In rejecting appellant’s claim that the property was improperly assessed for 1969, the circuit court held that once there had been a fair sale which established the value of the property, the court was precluded from considering other factors to determine market value. The court concluded that inasmuch as the property had been recently (1969) sold for $13,500, which was a fair *105 sale price, the $5,700 assessment was valid regardless of the assessment of comparable property.

In reaching this conclusion, the trial court relied on this court’s opinion in State ex rel. Enterprise Realty Co. v. Swiderski, 1 wherein it was held:

“Where the clear market value is not established by a sale or sales the assessor or the board of review should consider all the facts collectively which have a bearing upon such market value, in order to determine it. But such facts only indicate what the fair market value is and there is no occasion to resort to them, and it is wrong to do so, when the market value is established by a fair sale of the property in question or like property.”

While a fair sale determines the evaluation of the property in such a way that the assessor and board of review are not free to consider other factors which collectively have a bearing upon such market value, neither Enterprise Realty nor subsequent cases on the point are authority for the proposition that once fair value has been determined, the court is precluded from considering whether the assessment based on that evaluation is proper.

The assessment of real property is done by two different stages, evaluation and then assessment. Both the Enterprise Realty and the Markarian 2 cases speak to the method of computing the fair value of the property in question; neither case is authority for the proposition that the sale price of one piece of property can be used to greatly increase its assessment while using a much lower valuation for other comparable property which has not had a recent sale.

Under the rule of uniformity, the appellant should be allowed, as here, to demonstrate that, despite the fact that he has paid a fair price for the property, the assessments of comparable property were significantly lower *106 and that this amounted to a discriminatory assessment of this property.
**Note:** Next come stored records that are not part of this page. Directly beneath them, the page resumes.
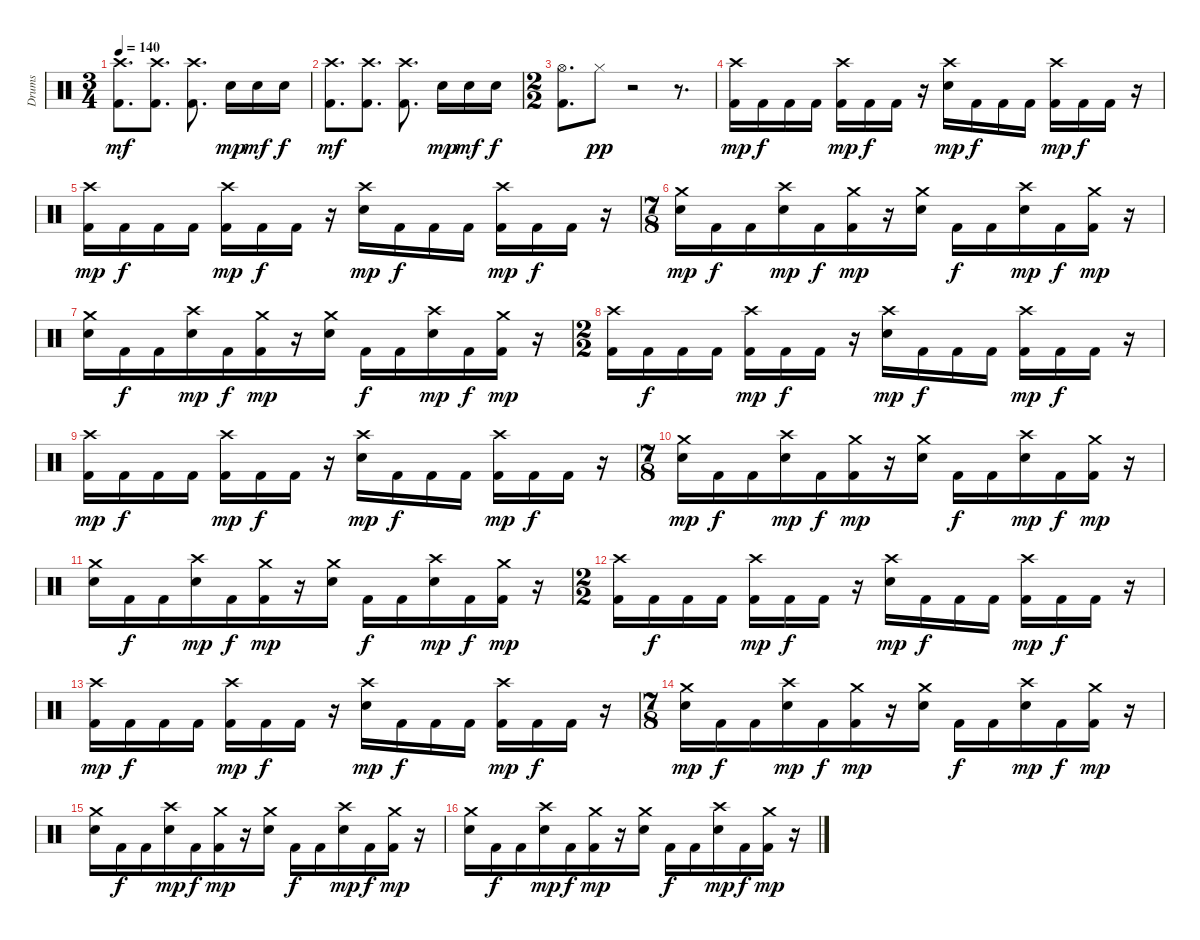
\track ("Drums" "Drums") {instrument percussion}
\staff {score}
\articulation defaults
\ts (3 4)
\tempo 140
\clef neutral
\ks c
("Crash high (hit)" "Kick (hit) 2").8{d dy mf} ("Crash high (hit)" "Kick (hit) 2").8{d} ("Crash high (hit)" "Kick (hit) 2").8{d} "Snare (hit) 2".16{dy mp} "Snare (hit) 2".16{dy mf} "Snare (hit) 2".16{dy f} |
("Crash high (hit)" "Kick (hit) 2").8{d dy mf} ("Crash high (hit)" "Kick (hit) 2").8{d} ("Crash high (hit)" "Kick (hit) 2").8{d} "Snare (hit) 2".16{dy mp} "Snare (hit) 2".16{dy mf} "Snare (hit) 2".16{dy f} |
\ts (2 2)
("Hi-Hat (open)" "Kick (hit) 2").8{d} "Hi-Hat (closed)".8{dy pp} r.2 r.8{d} |
("Crash high (hit)" "Kick (hit) 2").16{dy mp} "Kick (hit) 2".16{dy f} "Kick (hit) 2".16 "Kick (hit) 2".16 ("Crash high (hit)" "Kick (hit) 2").16{dy mp} "Kick (hit) 2".16{dy f} "Kick (hit) 2".16 r.16 ("Crash high (hit)" "Snare (hit) 2").16{dy mp} "Kick (hit) 2".16{dy f} "Kick (hit) 2".16 "Kick (hit) 2".16 ("Crash high (hit)" "Kick (hit) 2").16{dy mp} "Kick (hit) 2".16{dy f} "Kick (hit) 2".16 r.16 |
("Crash high (hit)" "Kick (hit) 2").16{dy mp} "Kick (hit) 2".16{dy f} "Kick (hit) 2".16 "Kick (hit) 2".16 ("Crash high (hit)" "Kick (hit) 2").16{dy mp} "Kick (hit) 2".16{dy f} "Kick (hit) 2".16 r.16 ("Crash high (hit)" "Snare (hit) 2").16{dy mp} "Kick (hit) 2".16{dy f} "Kick (hit) 2".16 "Kick (hit) 2".16 ("Crash high (hit)" "Kick (hit) 2").16{dy mp} "Kick (hit) 2".16{dy f} "Kick (hit) 2".16 r.16 |
\ts (7 8)
("Crash medium (hit)" "Snare (hit) 2").16{dy mp} "Kick (hit) 2".16{dy f} "Kick (hit) 2".16 ("Crash high (hit)" "Snare (hit) 2").16{dy mp} "Kick (hit) 2".16{dy f} ("Crash medium (hit)" "Kick (hit) 2").16{dy mp} r.16 ("Crash medium (hit)" "Snare (hit) 2").16 "Kick (hit) 2".16{dy f} "Kick (hit) 2".16 ("Crash high (hit)" "Snare (hit) 2").16{dy mp} "Kick (hit) 2".16{dy f} ("Crash medium (hit)" "Kick (hit) 2").16{dy mp} r.16 |
("Crash medium (hit)" "Snare (hit) 2").16 "Kick (hit) 2".16{dy f} "Kick (hit) 2".16 ("Crash high (hit)" "Snare (hit) 2").16{dy mp} "Kick (hit) 2".16{dy f} ("Crash medium (hit)" "Kick (hit) 2").16{dy mp} r.16 ("Crash medium (hit)" "Snare (hit) 2").16 "Kick (hit) 2".16{dy f} "Kick (hit) 2".16 ("Crash high (hit)" "Snare (hit) 2").16{dy mp} "Kick (hit) 2".16{dy f} ("Crash medium (hit)" "Kick (hit) 2").16{dy mp} r.16 |
\ts (2 2)
("Crash high (hit)" "Kick (hit) 2").16 "Kick (hit) 2".16{dy f} "Kick (hit) 2".16 "Kick (hit) 2".16 ("Crash high (hit)" "Kick (hit) 2").16{dy mp} "Kick (hit) 2".16{dy f} "Kick (hit) 2".16 r.16 ("Crash high (hit)" "Snare (hit) 2").16{dy mp} "Kick (hit) 2".16{dy f} "Kick (hit) 2".16 "Kick (hit) 2".16 ("Crash high (hit)" "Kick (hit) 2").16{dy mp} "Kick (hit) 2".16{dy f} "Kick (hit) 2".16 r.16 |
("Crash high (hit)" "Kick (hit) 2").16{dy mp} "Kick (hit) 2".16{dy f} "Kick (hit) 2".16 "Kick (hit) 2".16 ("Crash high (hit)" "Kick (hit) 2").16{dy mp} "Kick (hit) 2".16{dy f} "Kick (hit) 2".16 r.16 ("Crash high (hit)" "Snare (hit) 2").16{dy mp} "Kick (hit) 2".16{dy f} "Kick (hit) 2".16 "Kick (hit) 2".16 ("Crash high (hit)" "Kick (hit) 2").16{dy mp} "Kick (hit) 2".16{dy f} "Kick (hit) 2".16 r.16 |
\ts (7 8)
("Crash medium (hit)" "Snare (hit) 2").16{dy mp} "Kick (hit) 2".16{dy f} "Kick (hit) 2".16 ("Crash high (hit)" "Snare (hit) 2").16{dy mp} "Kick (hit) 2".16{dy f} ("Crash medium (hit)" "Kick (hit) 2").16{dy mp} r.16 ("Crash medium (hit)" "Snare (hit) 2").16 "Kick (hit) 2".16{dy f} "Kick (hit) 2".16 ("Crash high (hit)" "Snare (hit) 2").16{dy mp} "Kick (hit) 2".16{dy f} ("Crash medium (hit)" "Kick (hit) 2").16{dy mp} r.16 |
("Crash medium (hit)" "Snare (hit) 2").16 "Kick (hit) 2".16{dy f} "Kick (hit) 2".16 ("Crash high (hit)" "Snare (hit) 2").16{dy mp} "Kick (hit) 2".16{dy f} ("Crash medium (hit)" "Kick (hit) 2").16{dy mp} r.16 ("Crash medium (hit)" "Snare (hit) 2").16 "Kick (hit) 2".16{dy f} "Kick (hit) 2".16 ("Crash high (hit)" "Snare (hit) 2").16{dy mp} "Kick (hit) 2".16{dy f} ("Crash medium (hit)" "Kick (hit) 2").16{dy mp} r.16 |
\ts (2 2)
("Crash high (hit)" "Kick (hit) 2").16 "Kick (hit) 2".16{dy f} "Kick (hit) 2".16 "Kick (hit) 2".16 ("Crash high (hit)" "Kick (hit) 2").16{dy mp} "Kick (hit) 2".16{dy f} "Kick (hit) 2".16 r.16 ("Crash high (hit)" "Snare (hit) 2").16{dy mp} "Kick (hit) 2".16{dy f} "Kick (hit) 2".16 "Kick (hit) 2".16 ("Crash high (hit)" "Kick (hit) 2").16{dy mp} "Kick (hit) 2".16{dy f} "Kick (hit) 2".16 r.16 |
("Crash high (hit)" "Kick (hit) 2").16{dy mp} "Kick (hit) 2".16{dy f} "Kick (hit) 2".16 "Kick (hit) 2".16 ("Crash high (hit)" "Kick (hit) 2").16{dy mp} "Kick (hit) 2".16{dy f} "Kick (hit) 2".16 r.16 ("Crash high (hit)" "Snare (hit) 2").16{dy mp} "Kick (hit) 2".16{dy f} "Kick (hit) 2".16 "Kick (hit) 2".16 ("Crash high (hit)" "Kick (hit) 2").16{dy mp} "Kick (hit) 2".16{dy f} "Kick (hit) 2".16 r.16 |
\ts (7 8)
("Crash medium (hit)" "Snare (hit) 2").16{dy mp} "Kick (hit) 2".16{dy f} "Kick (hit) 2".16 ("Crash high (hit)" "Snare (hit) 2").16{dy mp} "Kick (hit) 2".16{dy f} ("Crash medium (hit)" "Kick (hit) 2").16{dy mp} r.16 ("Crash medium (hit)" "Snare (hit) 2").16 "Kick (hit) 2".16{dy f} "Kick (hit) 2".16 ("Crash high (hit)" "Snare (hit) 2").16{dy mp} "Kick (hit) 2".16{dy f} ("Crash medium (hit)" "Kick (hit) 2").16{dy mp} r.16 |
("Crash medium (hit)" "Snare (hit) 2").16 "Kick (hit) 2".16{dy f} "Kick (hit) 2".16 ("Crash high (hit)" "Snare (hit) 2").16{dy mp} "Kick (hit) 2".16{dy f} ("Crash medium (hit)" "Kick (hit) 2").16{dy mp} r.16 ("Crash medium (hit)" "Snare (hit) 2").16 "Kick (hit) 2".16{dy f} "Kick (hit) 2".16 ("Crash high (hit)" "Snare (hit) 2").16{dy mp} "Kick (hit) 2".16{dy f} ("Crash medium (hit)" "Kick (hit) 2").16{dy mp} r.16 |
("Crash medium (hit)" "Snare (hit) 2").16 "Kick (hit) 2".16{dy f} "Kick (hit) 2".16 ("Crash high (hit)" "Snare (hit) 2").16{dy mp} "Kick (hit) 2".16{dy f} ("Crash medium (hit)" "Kick (hit) 2").16{dy mp} r.16 ("Crash medium (hit)" "Snare (hit) 2").16 "Kick (hit) 2".16{dy f} "Kick (hit) 2".16 ("Crash high (hit)" "Snare (hit) 2").16{dy mp} "Kick (hit) 2".16{dy f} ("Crash medium (hit)" "Kick (hit) 2").16{dy mp} r.16

The rule of uniform taxation as embodied in art. VIII, sec. 1, of the Wisconsin Constitution, was first stated by this court in 1859 in Knowlton v. Supervisors of Rock County: 3

“. . . when property is the object of taxation, it should all alike, in proportion to its value, contribute towards paying the expense of such benefits and protection. These are plain and obvious propositions of equity and justice, sustained as we believe by the very letter and spirit of the constitution. Its mandate, it is true, is very brief, but long enough for all practical purposes; long enough to embrace within it clearly and concisely the doctrine which the framers intended to establish, viz: that of equality. ‘The rule of taxation shall be uniform/ that is to say, the course or mode of proceeding in levying or laying taxes shall be uniform; it shall in all cases be alike. The act of laying a tax on property consists of several distinct steps, such as the assessment or fixing of its value, the establishing of the rate, etc.; and in order to have the rule or course of proceeding uniform, each step taken must be uniform. The valuation must be uniform, the rate must be uniform. Thus uniformity in such a proceeding becomes equality; and there can be no uniform rule which is not at the same time an equal rule, operating alike upon all the taxable property throughout the territorial limits of the state, municipality or local subdivision of the government, within and for which the tax is to be raised.”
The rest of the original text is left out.